What to produce - Your job is to return every line of the listing holding the string "half".

Data extracts -
────

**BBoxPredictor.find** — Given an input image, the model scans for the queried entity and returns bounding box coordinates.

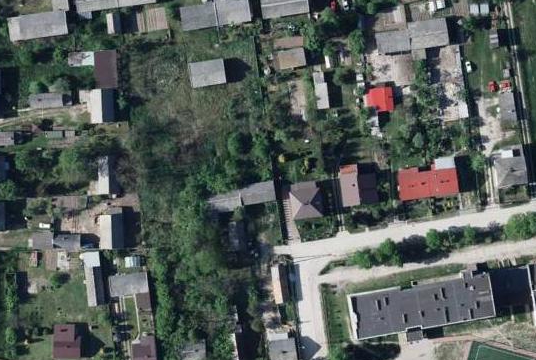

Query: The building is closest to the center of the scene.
[242,181,276,205]
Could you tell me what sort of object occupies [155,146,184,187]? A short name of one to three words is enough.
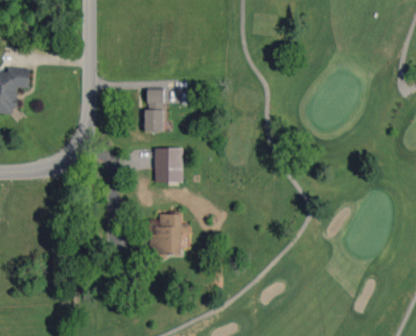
house
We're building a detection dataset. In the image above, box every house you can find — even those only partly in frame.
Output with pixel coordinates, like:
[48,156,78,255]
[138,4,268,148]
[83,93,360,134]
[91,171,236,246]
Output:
[144,88,168,134]
[149,214,192,258]
[155,146,184,187]
[0,68,31,113]
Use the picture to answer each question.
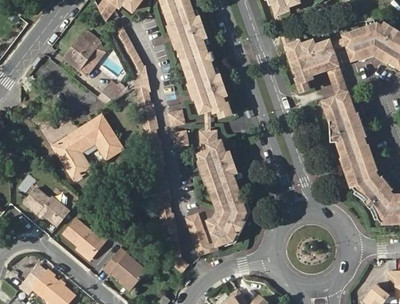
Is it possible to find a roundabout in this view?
Yes
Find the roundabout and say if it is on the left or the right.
right
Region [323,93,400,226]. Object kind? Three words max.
building
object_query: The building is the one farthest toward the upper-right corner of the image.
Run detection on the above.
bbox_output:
[340,22,400,72]
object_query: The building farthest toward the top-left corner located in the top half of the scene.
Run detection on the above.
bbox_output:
[61,26,106,74]
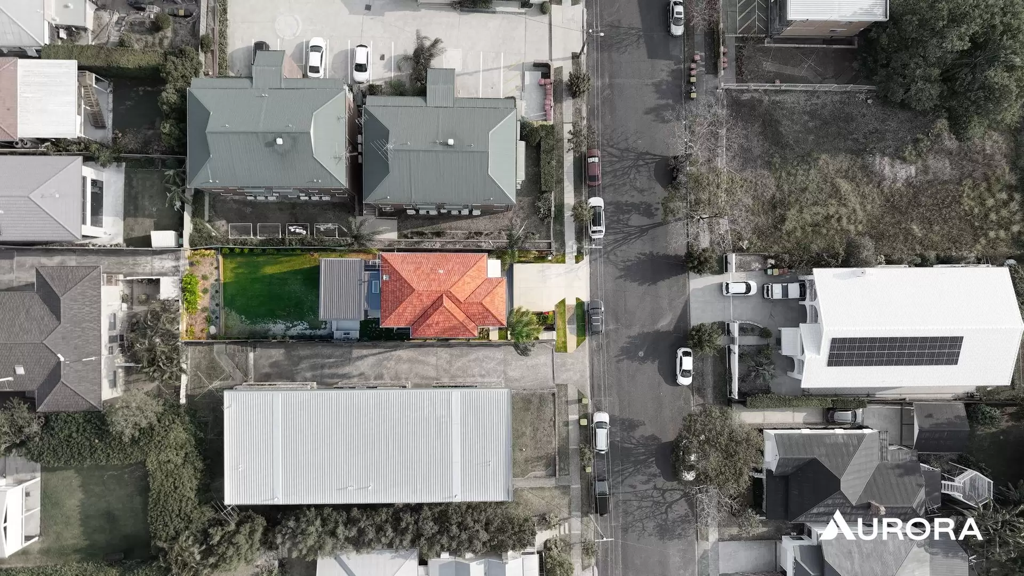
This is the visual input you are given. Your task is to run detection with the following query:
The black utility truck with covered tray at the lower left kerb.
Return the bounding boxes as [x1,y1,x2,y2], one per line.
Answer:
[592,473,612,518]
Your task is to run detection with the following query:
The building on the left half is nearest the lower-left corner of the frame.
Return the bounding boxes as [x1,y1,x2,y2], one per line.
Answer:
[0,474,50,557]
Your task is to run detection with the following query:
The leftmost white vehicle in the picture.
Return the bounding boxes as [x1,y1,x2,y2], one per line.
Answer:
[306,38,327,79]
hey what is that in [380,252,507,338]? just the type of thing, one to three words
house
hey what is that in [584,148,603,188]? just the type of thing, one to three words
car
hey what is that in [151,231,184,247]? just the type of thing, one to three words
shed
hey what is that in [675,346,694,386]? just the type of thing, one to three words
car
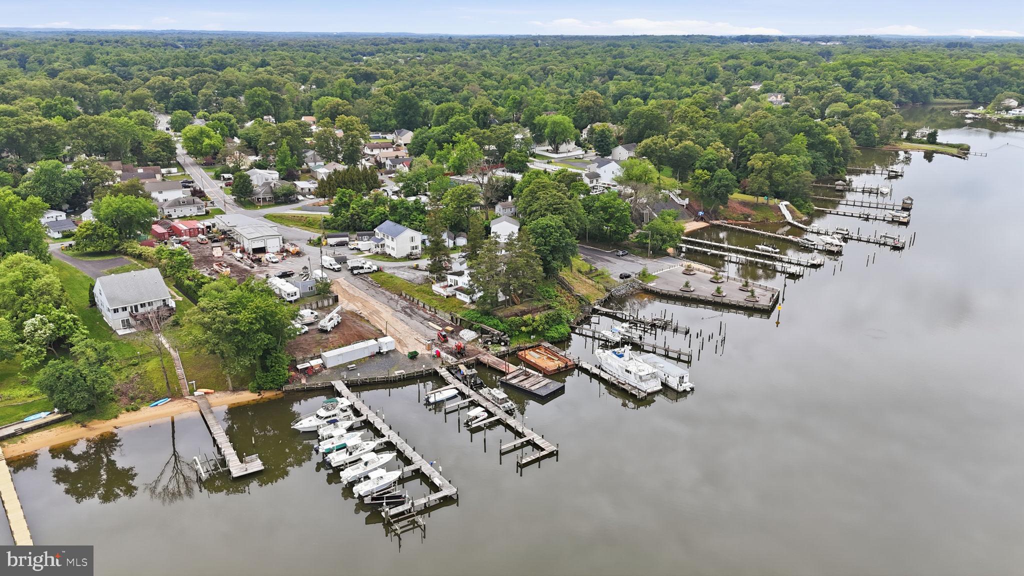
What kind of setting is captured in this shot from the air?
port
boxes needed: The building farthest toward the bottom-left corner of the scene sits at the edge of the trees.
[100,268,178,333]
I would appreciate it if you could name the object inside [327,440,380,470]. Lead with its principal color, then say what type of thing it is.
white boat
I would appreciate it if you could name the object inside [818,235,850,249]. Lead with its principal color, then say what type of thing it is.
white boat

────

Written solution -
object_query: The building farthest toward the top-left corner located in the top half of the scene.
The building on the left half is nearest the lower-left corner of the frame.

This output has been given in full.